O Aeroporto Internacional de São Paulo/Guarulhos permanece como o maior hub do Brasil, mas está distante do top 20 global em movimentação de passageiros. Com 38,2 milhões de viajantes até outubro de 2025, GRU opera muito aquém dos grandes terminais internacionais, que superam 60 milhões anuais e chegam a ultrapassar a marca de 100 milhões.
Essa diferença não se explica apenas por capacidade física — o aeroporto é tecnicamente capaz de crescer —, mas sobretudo pelo ambiente econômico e político que tem limitado a expansão do transporte aéreo brasileiro. Desde 2015, o país enfrenta um ciclo prolongado de instabilidade, marcado por recessão, baixo investimento público e privado, deterioração do poder de compra, além de crescimento inferior ao de mercados emergentes comparáveis.

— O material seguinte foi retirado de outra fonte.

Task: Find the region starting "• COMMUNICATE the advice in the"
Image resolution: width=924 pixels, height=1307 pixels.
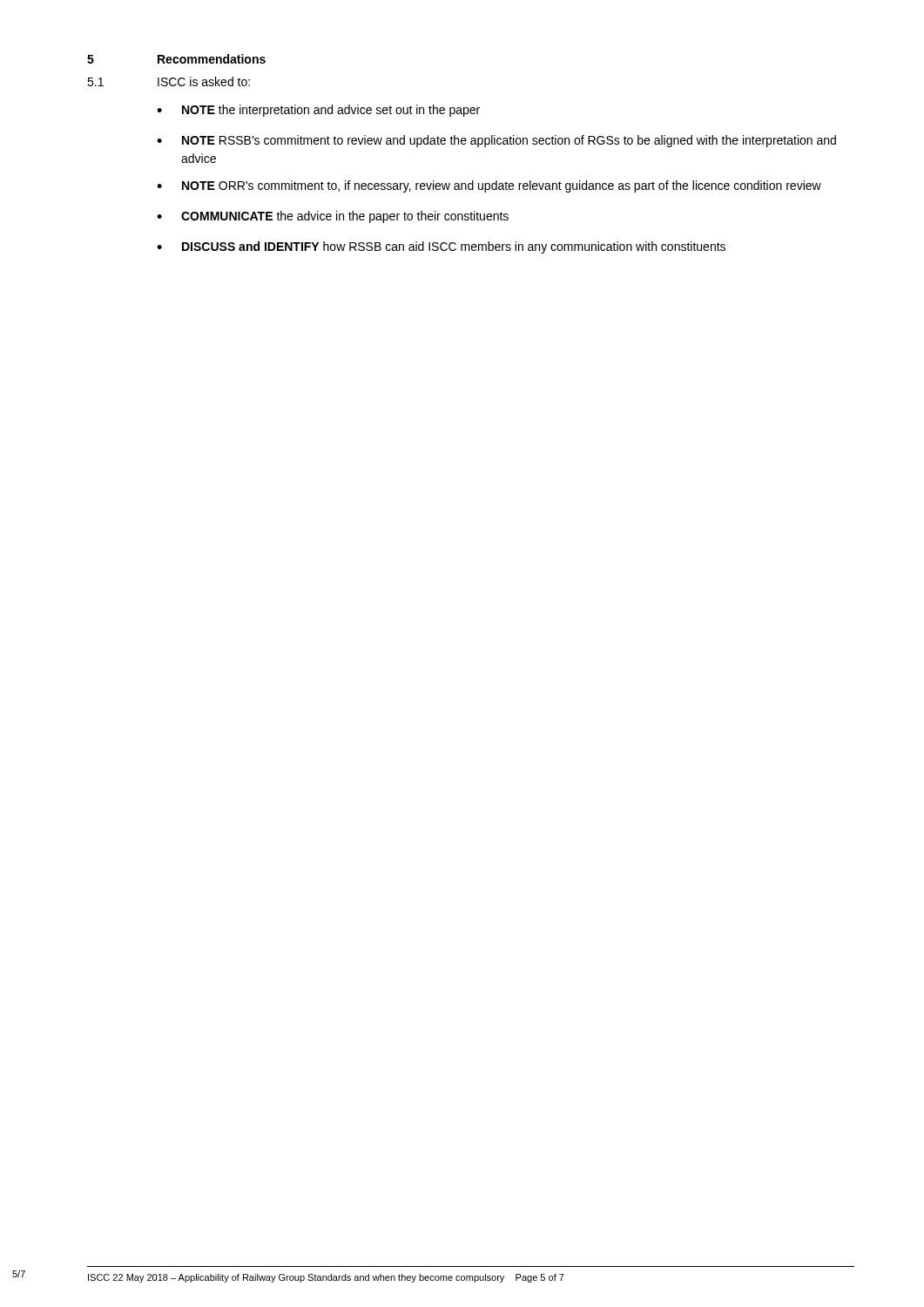Action: pyautogui.click(x=506, y=218)
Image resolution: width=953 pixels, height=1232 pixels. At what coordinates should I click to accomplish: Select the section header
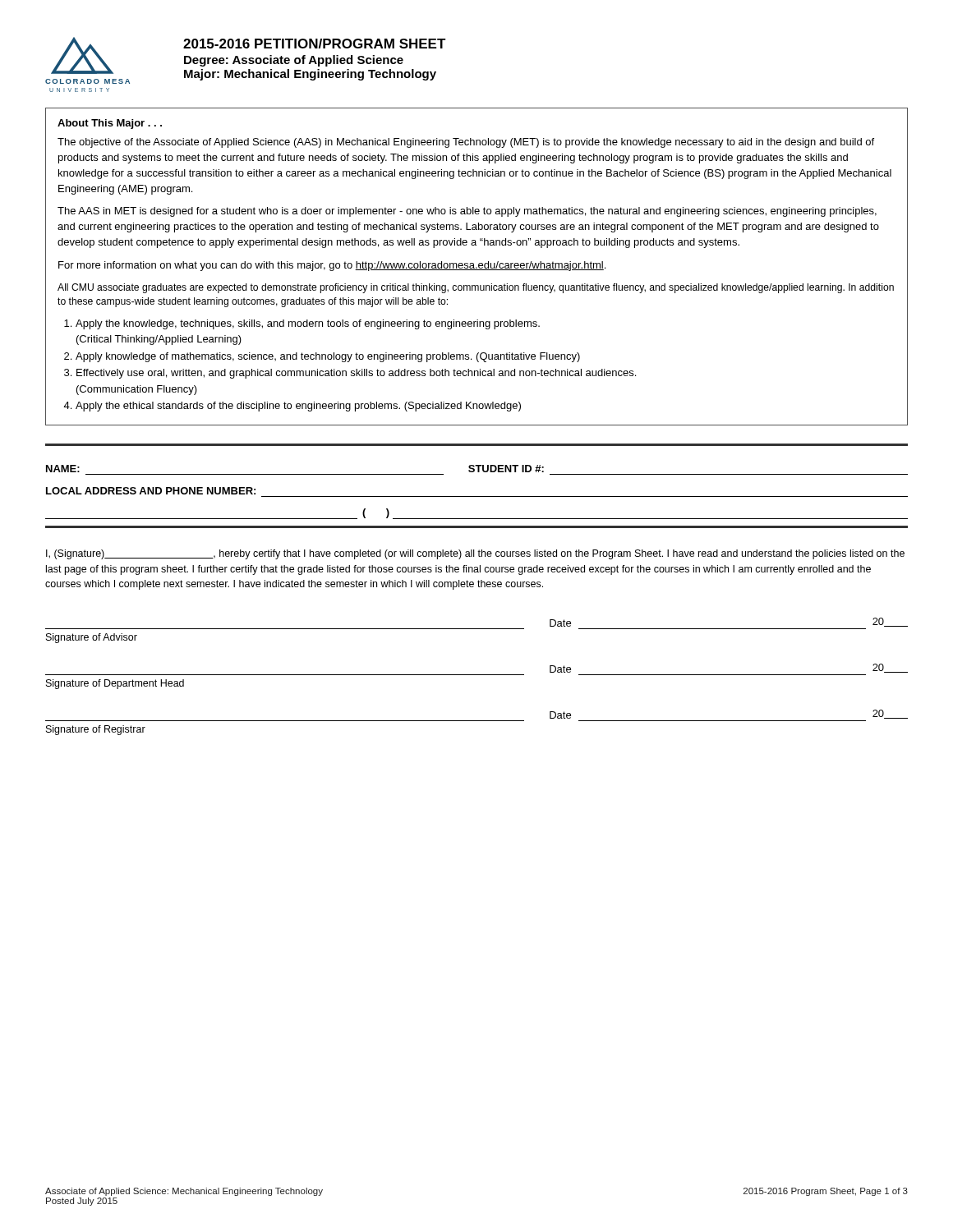pyautogui.click(x=110, y=123)
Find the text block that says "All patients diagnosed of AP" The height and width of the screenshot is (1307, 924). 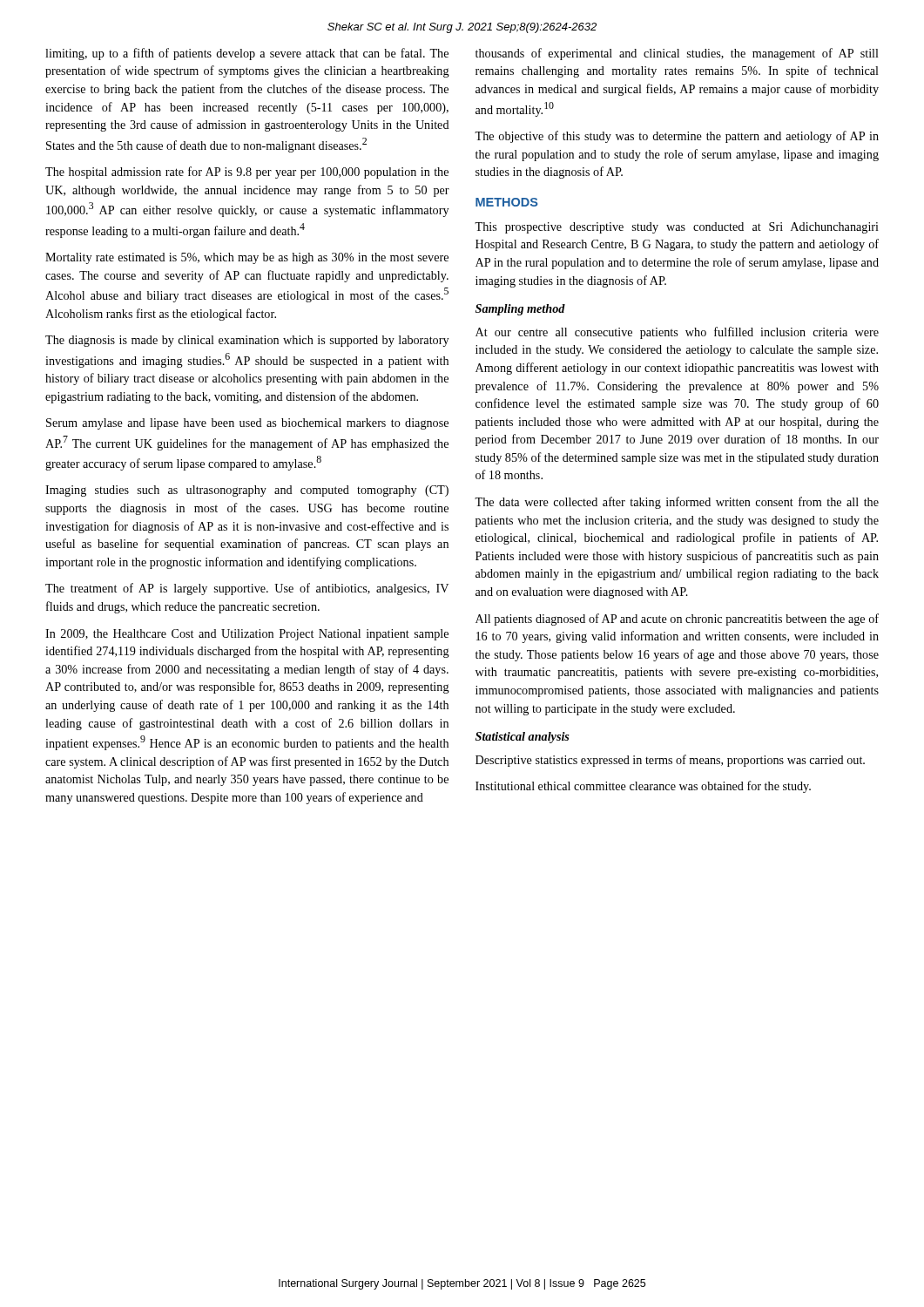click(677, 663)

A aviação brasileira também sofre com entraves estruturais, como o desequilíbrio fiscal crônico, a insegurança jurídica e a crescente judicialização, fatores que encarecem operações e afastam investimentos de longo prazo. A forte desvalorização do real ao longo da última década reduziu a competitividade das companhias aéreas e elevou custos operacionalmente dolarizados.
Além disso, a localização geográfica do Brasil é menos favorável para conexões intercontinentais: o país está fora das principais rotas globais entre Europa, América do Norte, Oriente Médio e Ásia, o que limita o potencial de transformar GRU em um megahub internacional semelhante ao de1. Dubai, Istambul ou Doha. O resultado é um aeroporto relevante em seu contexto regional, mas permanece estruturalmente impedido de competir.